Correct data structure to use for (this specific) expiring cache?

I need to read from a dataset which is very large, highly interlinked, the data is fairly localized, and reads are fairly expensive. Specifically:
The data sets are 2gigs - 30gigs in size, so I have to map sections of the file into memory to read. This is very expensive compared to the rest of the work I do in the algorithm. From profiling I've found roughly 60% of the time is spent reading the memory, so this is the right place to start optimizing.
When operating on a piece of this dataset, I have to follow links inside of it (imagine it like being similar to a linked list), and while those reads aren't guaranteed to anywhere near sequential, they are fairly localized. This means:
Let's say, for example, we operate on 2 megs of memory at a time. If you read 2 megs of data into memory, roughly 40% of the reads I will have to subsequently do will be in that same 2 megs of memory. Roughly 20% of the reads will be purely random access in the rest of the data, and the other 40% very likely links back into the 2meg segment which pointed to this one.

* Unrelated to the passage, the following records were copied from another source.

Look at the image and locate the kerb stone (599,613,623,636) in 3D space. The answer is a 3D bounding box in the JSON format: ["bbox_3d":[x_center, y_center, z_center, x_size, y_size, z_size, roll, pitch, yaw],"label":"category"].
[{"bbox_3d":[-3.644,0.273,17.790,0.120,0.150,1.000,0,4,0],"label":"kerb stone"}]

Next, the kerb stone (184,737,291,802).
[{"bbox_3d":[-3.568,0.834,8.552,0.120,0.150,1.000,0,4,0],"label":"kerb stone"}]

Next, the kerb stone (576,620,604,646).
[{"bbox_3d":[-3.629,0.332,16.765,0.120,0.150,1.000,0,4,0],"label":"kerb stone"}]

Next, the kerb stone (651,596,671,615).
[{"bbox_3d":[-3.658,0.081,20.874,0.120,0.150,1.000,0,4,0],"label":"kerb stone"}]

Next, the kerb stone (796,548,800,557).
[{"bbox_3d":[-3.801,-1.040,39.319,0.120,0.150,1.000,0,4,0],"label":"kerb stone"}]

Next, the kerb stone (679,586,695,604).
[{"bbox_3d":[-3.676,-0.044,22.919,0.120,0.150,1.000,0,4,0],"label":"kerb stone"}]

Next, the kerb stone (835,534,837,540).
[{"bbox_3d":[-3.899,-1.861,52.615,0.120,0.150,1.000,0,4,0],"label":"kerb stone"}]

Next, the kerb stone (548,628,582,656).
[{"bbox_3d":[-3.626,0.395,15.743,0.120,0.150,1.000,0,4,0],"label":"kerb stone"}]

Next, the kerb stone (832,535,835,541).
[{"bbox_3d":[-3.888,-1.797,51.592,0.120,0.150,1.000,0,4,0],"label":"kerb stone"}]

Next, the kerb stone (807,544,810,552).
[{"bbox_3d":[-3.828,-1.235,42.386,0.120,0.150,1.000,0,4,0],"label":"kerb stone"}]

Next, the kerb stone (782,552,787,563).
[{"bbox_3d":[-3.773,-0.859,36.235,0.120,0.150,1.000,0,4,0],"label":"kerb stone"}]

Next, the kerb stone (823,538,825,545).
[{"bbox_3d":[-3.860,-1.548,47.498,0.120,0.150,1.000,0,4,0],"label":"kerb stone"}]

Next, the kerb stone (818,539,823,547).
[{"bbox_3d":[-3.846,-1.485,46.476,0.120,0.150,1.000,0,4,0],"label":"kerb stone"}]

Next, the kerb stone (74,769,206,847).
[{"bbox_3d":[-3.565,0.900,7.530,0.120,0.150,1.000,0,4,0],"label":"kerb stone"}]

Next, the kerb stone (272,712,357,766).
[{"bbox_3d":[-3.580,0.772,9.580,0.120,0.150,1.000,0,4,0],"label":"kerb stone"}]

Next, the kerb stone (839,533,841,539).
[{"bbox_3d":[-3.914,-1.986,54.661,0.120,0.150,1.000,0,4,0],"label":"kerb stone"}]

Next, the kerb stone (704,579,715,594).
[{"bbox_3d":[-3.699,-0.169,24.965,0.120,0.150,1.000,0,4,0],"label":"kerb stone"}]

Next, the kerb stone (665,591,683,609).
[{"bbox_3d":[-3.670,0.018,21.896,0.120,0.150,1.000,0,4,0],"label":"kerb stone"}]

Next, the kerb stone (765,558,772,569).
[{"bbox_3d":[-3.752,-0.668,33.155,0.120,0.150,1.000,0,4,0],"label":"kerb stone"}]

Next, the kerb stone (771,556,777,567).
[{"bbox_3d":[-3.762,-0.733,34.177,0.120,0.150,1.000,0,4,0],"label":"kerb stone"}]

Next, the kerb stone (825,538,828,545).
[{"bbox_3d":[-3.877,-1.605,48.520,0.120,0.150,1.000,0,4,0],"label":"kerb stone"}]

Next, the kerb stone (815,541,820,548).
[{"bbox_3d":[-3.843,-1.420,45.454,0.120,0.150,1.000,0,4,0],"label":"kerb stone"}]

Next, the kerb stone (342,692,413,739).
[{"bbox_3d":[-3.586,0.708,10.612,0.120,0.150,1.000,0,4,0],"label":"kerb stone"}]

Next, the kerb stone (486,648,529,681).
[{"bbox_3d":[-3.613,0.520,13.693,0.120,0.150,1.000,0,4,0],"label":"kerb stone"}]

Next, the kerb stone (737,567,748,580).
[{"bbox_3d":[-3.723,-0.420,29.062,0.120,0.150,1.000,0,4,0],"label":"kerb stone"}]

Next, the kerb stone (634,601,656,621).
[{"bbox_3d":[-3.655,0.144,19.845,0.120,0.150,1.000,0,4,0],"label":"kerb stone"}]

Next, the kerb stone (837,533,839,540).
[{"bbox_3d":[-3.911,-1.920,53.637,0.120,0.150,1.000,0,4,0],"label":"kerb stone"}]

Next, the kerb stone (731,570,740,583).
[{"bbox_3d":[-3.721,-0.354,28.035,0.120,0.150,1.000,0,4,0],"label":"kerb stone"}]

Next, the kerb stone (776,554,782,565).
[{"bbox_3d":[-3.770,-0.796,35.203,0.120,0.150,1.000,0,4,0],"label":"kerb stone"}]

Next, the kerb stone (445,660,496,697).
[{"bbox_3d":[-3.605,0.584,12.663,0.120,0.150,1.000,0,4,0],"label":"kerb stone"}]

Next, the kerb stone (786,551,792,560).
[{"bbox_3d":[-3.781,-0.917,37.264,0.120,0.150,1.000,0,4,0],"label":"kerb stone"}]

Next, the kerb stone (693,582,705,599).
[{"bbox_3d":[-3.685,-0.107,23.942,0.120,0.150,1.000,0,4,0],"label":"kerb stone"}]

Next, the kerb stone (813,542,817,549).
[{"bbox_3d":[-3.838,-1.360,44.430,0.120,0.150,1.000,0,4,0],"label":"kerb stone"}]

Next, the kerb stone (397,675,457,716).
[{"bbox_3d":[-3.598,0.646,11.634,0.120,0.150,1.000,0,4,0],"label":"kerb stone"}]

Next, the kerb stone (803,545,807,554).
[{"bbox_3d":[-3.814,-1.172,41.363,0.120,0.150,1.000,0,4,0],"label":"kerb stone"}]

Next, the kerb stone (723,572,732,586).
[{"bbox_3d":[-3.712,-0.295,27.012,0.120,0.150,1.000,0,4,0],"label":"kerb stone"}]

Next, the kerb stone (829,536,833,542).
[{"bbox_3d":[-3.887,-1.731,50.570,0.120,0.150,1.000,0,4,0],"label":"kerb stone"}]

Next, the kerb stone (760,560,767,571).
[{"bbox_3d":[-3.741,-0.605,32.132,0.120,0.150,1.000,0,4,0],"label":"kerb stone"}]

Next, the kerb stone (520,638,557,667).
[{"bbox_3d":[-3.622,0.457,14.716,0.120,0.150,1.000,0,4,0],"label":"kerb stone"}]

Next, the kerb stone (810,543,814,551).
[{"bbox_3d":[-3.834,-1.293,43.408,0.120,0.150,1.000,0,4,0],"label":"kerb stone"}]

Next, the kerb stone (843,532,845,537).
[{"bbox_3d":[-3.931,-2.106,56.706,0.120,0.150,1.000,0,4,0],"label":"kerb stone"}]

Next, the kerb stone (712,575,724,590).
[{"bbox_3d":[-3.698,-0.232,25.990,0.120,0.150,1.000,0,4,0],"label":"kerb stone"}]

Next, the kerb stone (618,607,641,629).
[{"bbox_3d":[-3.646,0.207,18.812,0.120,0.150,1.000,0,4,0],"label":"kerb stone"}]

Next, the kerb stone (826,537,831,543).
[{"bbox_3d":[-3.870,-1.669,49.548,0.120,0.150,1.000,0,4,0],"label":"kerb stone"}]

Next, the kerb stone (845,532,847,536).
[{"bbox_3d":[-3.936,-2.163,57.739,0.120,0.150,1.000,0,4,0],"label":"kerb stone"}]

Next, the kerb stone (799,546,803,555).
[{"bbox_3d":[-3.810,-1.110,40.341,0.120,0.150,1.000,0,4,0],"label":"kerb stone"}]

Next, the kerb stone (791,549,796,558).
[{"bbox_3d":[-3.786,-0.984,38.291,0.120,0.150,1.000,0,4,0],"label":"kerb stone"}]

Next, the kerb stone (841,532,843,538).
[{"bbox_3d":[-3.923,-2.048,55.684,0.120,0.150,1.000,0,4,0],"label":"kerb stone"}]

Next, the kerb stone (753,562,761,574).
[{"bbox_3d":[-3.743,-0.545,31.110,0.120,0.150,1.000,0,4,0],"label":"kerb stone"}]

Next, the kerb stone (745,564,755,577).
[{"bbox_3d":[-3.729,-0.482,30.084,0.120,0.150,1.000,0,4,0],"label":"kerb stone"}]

From knowledge of the problem and from profiling, I believe that introducing a cache to the program will help greatly. What I want to do is create a cache which holds N chunks of X megs of memory (N and X configurable so I can tune it) which I can check first, before having to map another section of memory. Additionally, the longer something has been in the cache, the less likely it is that we will request that memory in the short term, and so the oldest data will need to be expired.

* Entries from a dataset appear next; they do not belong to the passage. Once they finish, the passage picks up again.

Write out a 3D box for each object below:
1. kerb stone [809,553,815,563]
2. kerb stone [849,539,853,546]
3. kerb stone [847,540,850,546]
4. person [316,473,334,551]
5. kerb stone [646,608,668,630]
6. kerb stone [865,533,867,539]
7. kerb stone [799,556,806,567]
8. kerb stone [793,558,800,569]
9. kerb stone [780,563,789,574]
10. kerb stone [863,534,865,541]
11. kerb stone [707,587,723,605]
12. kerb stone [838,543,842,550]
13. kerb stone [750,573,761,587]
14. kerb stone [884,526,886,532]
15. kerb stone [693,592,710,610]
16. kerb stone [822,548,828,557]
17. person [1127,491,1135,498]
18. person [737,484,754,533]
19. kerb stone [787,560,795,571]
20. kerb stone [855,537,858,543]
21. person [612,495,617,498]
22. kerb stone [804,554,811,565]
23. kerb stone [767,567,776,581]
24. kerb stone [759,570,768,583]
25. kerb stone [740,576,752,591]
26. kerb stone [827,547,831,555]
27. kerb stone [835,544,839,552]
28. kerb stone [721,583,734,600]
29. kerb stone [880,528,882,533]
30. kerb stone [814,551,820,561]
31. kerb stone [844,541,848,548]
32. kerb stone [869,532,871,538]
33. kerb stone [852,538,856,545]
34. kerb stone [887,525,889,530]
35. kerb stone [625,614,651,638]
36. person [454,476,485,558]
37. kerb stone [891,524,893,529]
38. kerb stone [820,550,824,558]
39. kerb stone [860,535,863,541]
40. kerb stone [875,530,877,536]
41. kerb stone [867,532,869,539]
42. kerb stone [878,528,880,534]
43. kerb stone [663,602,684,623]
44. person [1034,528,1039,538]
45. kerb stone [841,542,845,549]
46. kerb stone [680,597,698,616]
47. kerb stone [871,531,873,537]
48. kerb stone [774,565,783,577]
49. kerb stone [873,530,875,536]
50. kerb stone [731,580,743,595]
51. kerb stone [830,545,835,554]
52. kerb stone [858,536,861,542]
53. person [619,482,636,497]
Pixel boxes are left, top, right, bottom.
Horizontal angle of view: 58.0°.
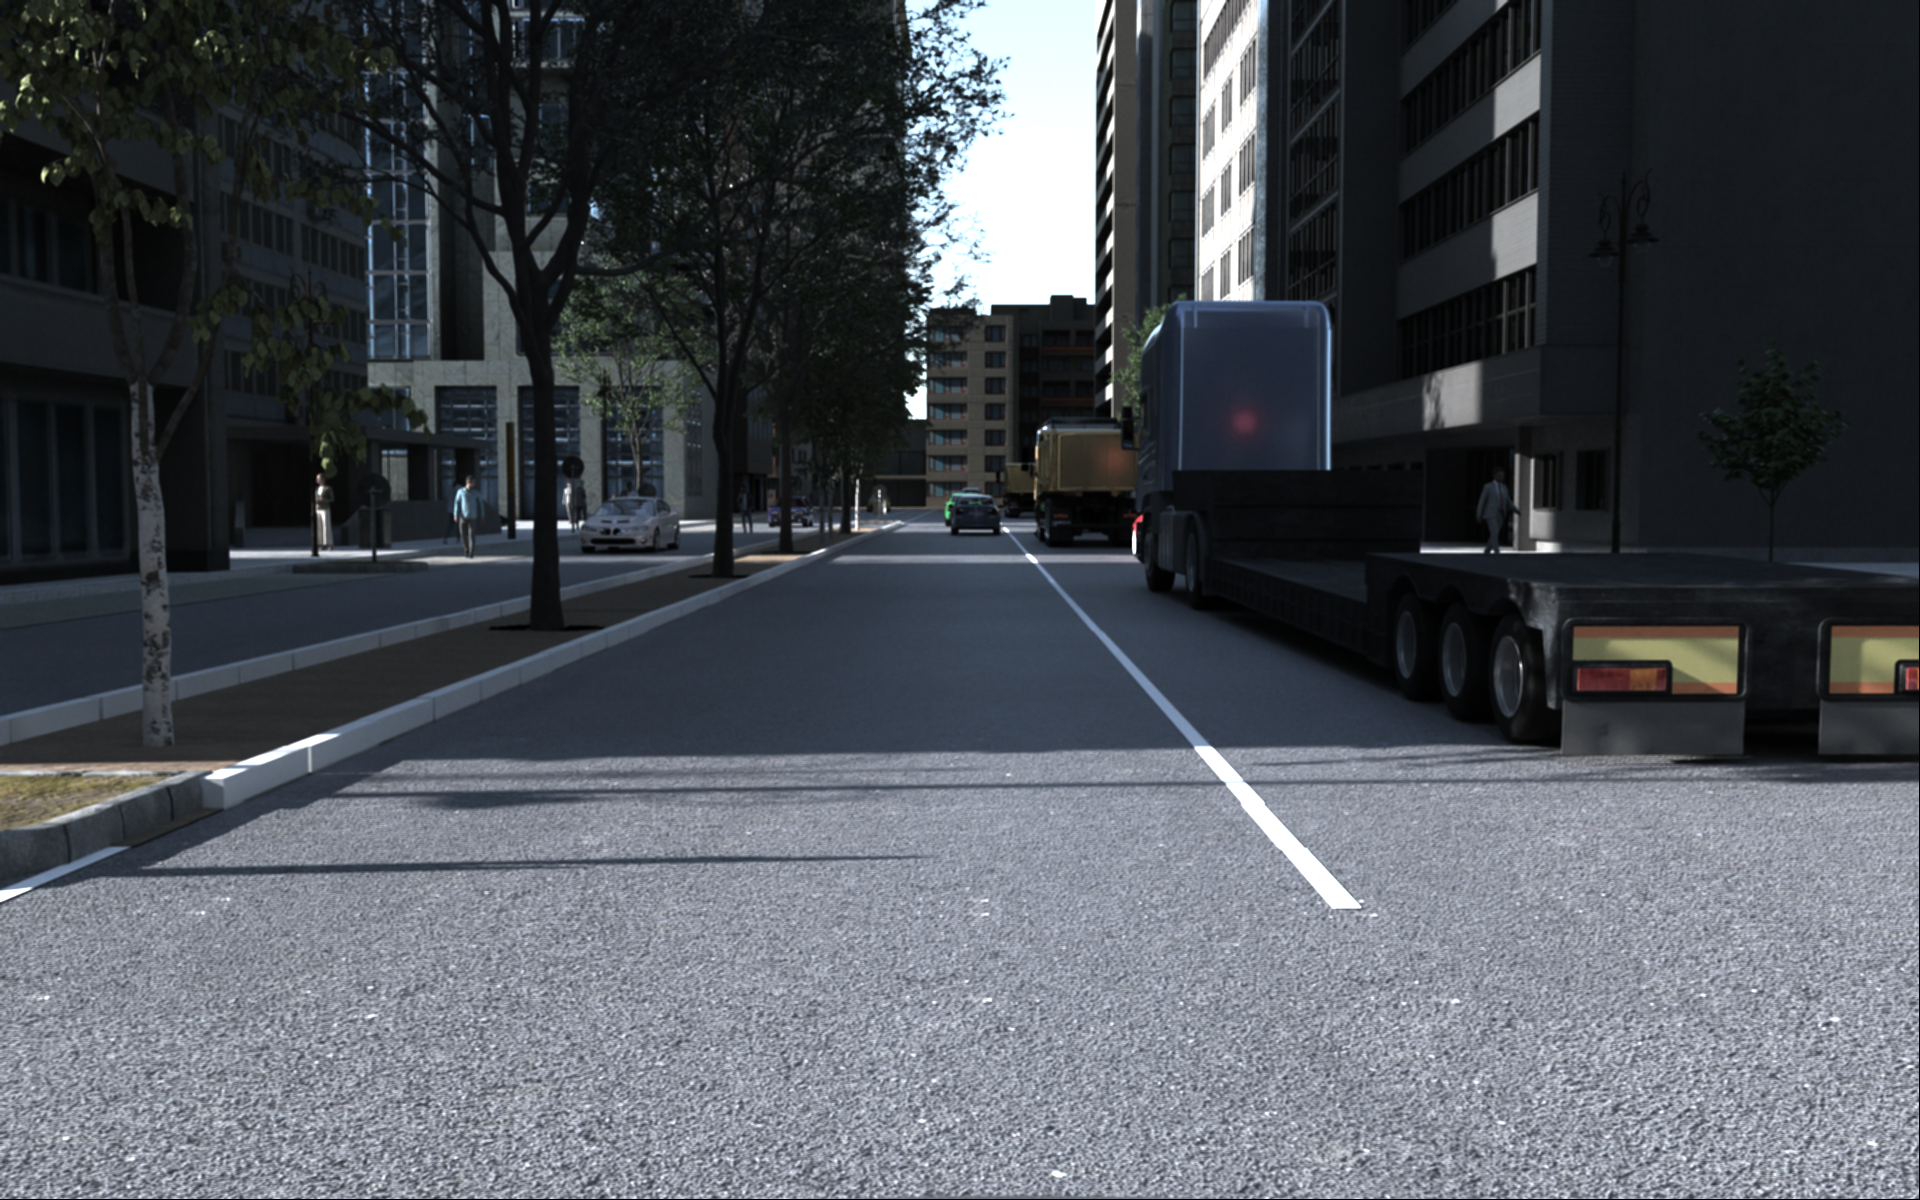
[{"bbox_3d":[-3.169,-0.846,36.027,0.120,0.150,1.000,0,4,0],"label":"kerb stone"},{"bbox_3d":[-3.085,-1.528,47.309,0.120,0.150,1.000,0,4,0],"label":"kerb stone"},{"bbox_3d":[-3.091,-1.473,46.278,0.120,0.150,1.000,0,4,0],"label":"kerb stone"},{"bbox_3d":[-14.419,-1.990,39.121,0.519,1.759,0.362,1,4,19],"label":"person"},{"bbox_3d":[-3.314,0.220,18.601,0.120,0.150,1.000,0,4,0],"label":"kerb stone"},{"bbox_3d":[-3.033,-1.912,53.451,0.120,0.150,1.000,0,4,0],"label":"kerb stone"},{"bbox_3d":[-3.188,-0.716,33.977,0.120,0.150,1.000,0,4,0],"label":"kerb stone"},{"bbox_3d":[-3.198,-0.652,32.946,0.120,0.150,1.000,0,4,0],"label":"kerb stone"},{"bbox_3d":[-3.214,-0.532,30.901,0.120,0.150,1.000,0,4,0],"label":"kerb stone"},{"bbox_3d":[-3.046,-1.843,52.429,0.120,0.150,1.000,0,4,0],"label":"kerb stone"},{"bbox_3d":[-3.278,-0.030,22.691,0.120,0.150,1.000,0,4,0],"label":"kerb stone"},{"bbox_3d":[-3.113,-1.285,43.204,0.120,0.150,1.000,0,4,0],"label":"kerb stone"},{"bbox_3d":[-3.245,-0.274,26.788,0.120,0.150,1.000,0,4,0],"label":"kerb stone"},{"bbox_3d":[-2.939,-2.602,64.733,0.120,0.150,1.000,0,4,0],"label":"kerb stone"},{"bbox_3d":[-3.290,0.035,21.669,0.120,0.150,1.000,0,4,0],"label":"kerb stone"},{"bbox_3d":[-3.144,-1.031,39.115,0.120,0.150,1.000,0,4,0],"label":"kerb stone"},{"bbox_3d":[6.728,-3.610,67.408,0.818,1.842,0.514,-2,4,-31],"label":"person"},{"bbox_3d":[-7.843,-3.334,63.360,0.623,1.781,0.721,-1,4,-9],"label":"person"},{"bbox_3d":[-3.209,-0.595,31.923,0.120,0.150,1.000,0,4,0],"label":"kerb stone"},{"bbox_3d":[-3.064,-1.661,49.355,0.120,0.150,1.000,0,4,0],"label":"kerb stone"},{"bbox_3d":[-14.575,-3.833,73.401,0.332,1.250,0.352,1,4,10],"label":"person"},{"bbox_3d":[-3.172,-0.783,34.999,0.120,0.150,1.000,0,4,0],"label":"kerb stone"},{"bbox_3d":[-3.228,-0.406,28.836,0.120,0.150,1.000,0,4,0],"label":"kerb stone"},{"bbox_3d":[-3.241,-0.342,27.814,0.120,0.150,1.000,0,4,0],"label":"kerb stone"},{"bbox_3d":[-3.250,-0.218,25.765,0.120,0.150,1.000,0,4,0],"label":"kerb stone"},{"bbox_3d":[-3.144,-1.097,40.138,0.120,0.150,1.000,0,4,0],"label":"kerb stone"},{"bbox_3d":[-3.118,-1.222,42.182,0.120,0.150,1.000,0,4,0],"label":"kerb stone"},{"bbox_3d":[-3.262,-0.093,23.716,0.120,0.150,1.000,0,4,0],"label":"kerb stone"},{"bbox_3d":[-2.963,-2.413,61.655,0.120,0.150,1.000,0,4,0],"label":"kerb stone"},{"bbox_3d":[-3.157,-0.909,37.054,0.120,0.150,1.000,0,4,0],"label":"kerb stone"},{"bbox_3d":[-3.095,-1.410,45.252,0.120,0.150,1.000,0,4,0],"label":"kerb stone"},{"bbox_3d":[-3.018,-2.038,55.516,0.120,0.150,1.000,0,4,0],"label":"kerb stone"},{"bbox_3d":[-3.066,-1.599,48.333,0.120,0.150,1.000,0,4,0],"label":"kerb stone"},{"bbox_3d":[-2.922,-2.724,66.796,0.120,0.150,1.000,0,4,0],"label":"kerb stone"},{"bbox_3d":[-3.313,0.282,17.579,0.120,0.150,1.000,0,4,0],"label":"kerb stone"},{"bbox_3d":[-10.922,-1.853,38.654,0.638,1.841,0.748,0,4,-2],"label":"person"},{"bbox_3d":[-2.895,-2.915,69.879,0.120,0.150,1.000,0,4,0],"label":"kerb stone"},{"bbox_3d":[-3.153,-0.972,38.081,0.120,0.150,1.000,0,4,0],"label":"kerb stone"},{"bbox_3d":[-3.053,-1.787,51.406,0.120,0.150,1.000,0,4,0],"label":"kerb stone"},{"bbox_3d":[-2.991,-2.226,58.585,0.120,0.150,1.000,0,4,0],"label":"kerb stone"},{"bbox_3d":[-3.019,-1.975,54.482,0.120,0.150,1.000,0,4,0],"label":"kerb stone"},{"bbox_3d":[-2.978,-2.351,60.630,0.120,0.150,1.000,0,4,0],"label":"kerb stone"},{"bbox_3d":[-3.304,0.160,19.624,0.120,0.150,1.000,0,4,0],"label":"kerb stone"},{"bbox_3d":[2.694,-2.922,56.295,0.654,1.822,0.581,0,4,-8],"label":"person"},{"bbox_3d":[-3.102,-1.347,44.226,0.120,0.150,1.000,0,4,0],"label":"kerb stone"},{"bbox_3d":[-3.294,0.099,20.647,0.120,0.150,1.000,0,4,0],"label":"kerb stone"},{"bbox_3d":[-3.005,-2.100,56.538,0.120,0.150,1.000,0,4,0],"label":"kerb stone"},{"bbox_3d":[-3.218,-0.466,29.875,0.120,0.150,1.000,0,4,0],"label":"kerb stone"},{"bbox_3d":[-3.003,-2.163,57.563,0.120,0.150,1.000,0,4,0],"label":"kerb stone"},{"bbox_3d":[-3.257,-0.156,24.743,0.120,0.150,1.000,0,4,0],"label":"kerb stone"},{"bbox_3d":[-3.135,-1.158,41.160,0.120,0.150,1.000,0,4,0],"label":"kerb stone"},{"bbox_3d":[-3.060,-1.724,50.378,0.120,0.150,1.000,0,4,0],"label":"kerb stone"},{"bbox_3d":[-11.065,-2.997,57.594,0.679,1.850,0.850,-3,4,-37],"label":"person"}]

After all that, my question is very simple: What data structure would be best to implement a cache of this nature?
I need to have very fast lookups to see if a given address is in the cache. With every "miss" of the cache, I'll want to expire the oldest member of it, and add a new member. However, I plan to try to tune it (by changing the amount that's cached) such that 70% or more of reads are hits.
My current thinking is to use either an AVL tree (LOG2 n for search/insert/delete) would be the safest (no degenerate cases). My other option is a sparse hashtable such that lookups would be O(1) in the best case. In theory this could degenerate into O(n), but in practice I could keep collisions low. The concern here would be how long it takes to find and remove the oldest entry in the hashtable.
Does anyone have any thoughts or suggestions on what data structure would be best here, and why?
Put the cache into two sorted trees (AVL or any other reasonably balanced tree implementation is fine--you're better off using one from a library than creating your own).
One tree should sort by position in the file. This lets you do log(n) lookups to see if your cache is there.
The other tree should sort by time used (which can be represented by a number that increments by one on each use). When you use a cached block, you remove it, update the time, and insert it again. This will take log(n) also. When you miss, remove the smallest element of the tree, and add the new block as the largest. (Don't forget to also remove/add that block to the by-position-in-file tree.)
If your cache doesn't have very many items in it, you'll be better off still by just storing everything in a sorted array (using insertion sort to add new elements). Moving 16 items down one spot in an array is incredibly fast.
Seems like you are looking for an LRU (Least Recently Used) cache: LRU cache design
If 60% of your algorithm is I/O, I suggest that the actual cache design doesn't really matter that much- any sort of cache could be a substantial speed-up.
However, the design depends a lot on what data you're using to access your chunks. String, int, etc. If you had an int, you could do a hashmap into a linked list, erase the back on cache miss, erase and then push on top if cache hit.
hashmaps are provided under varying names (most commonly, unordered map) in many implementations. Boost has one, there's one in TR1, etc. A big advantage of a hash_map is less performance loss with growing numbers, and more flexibility about key values.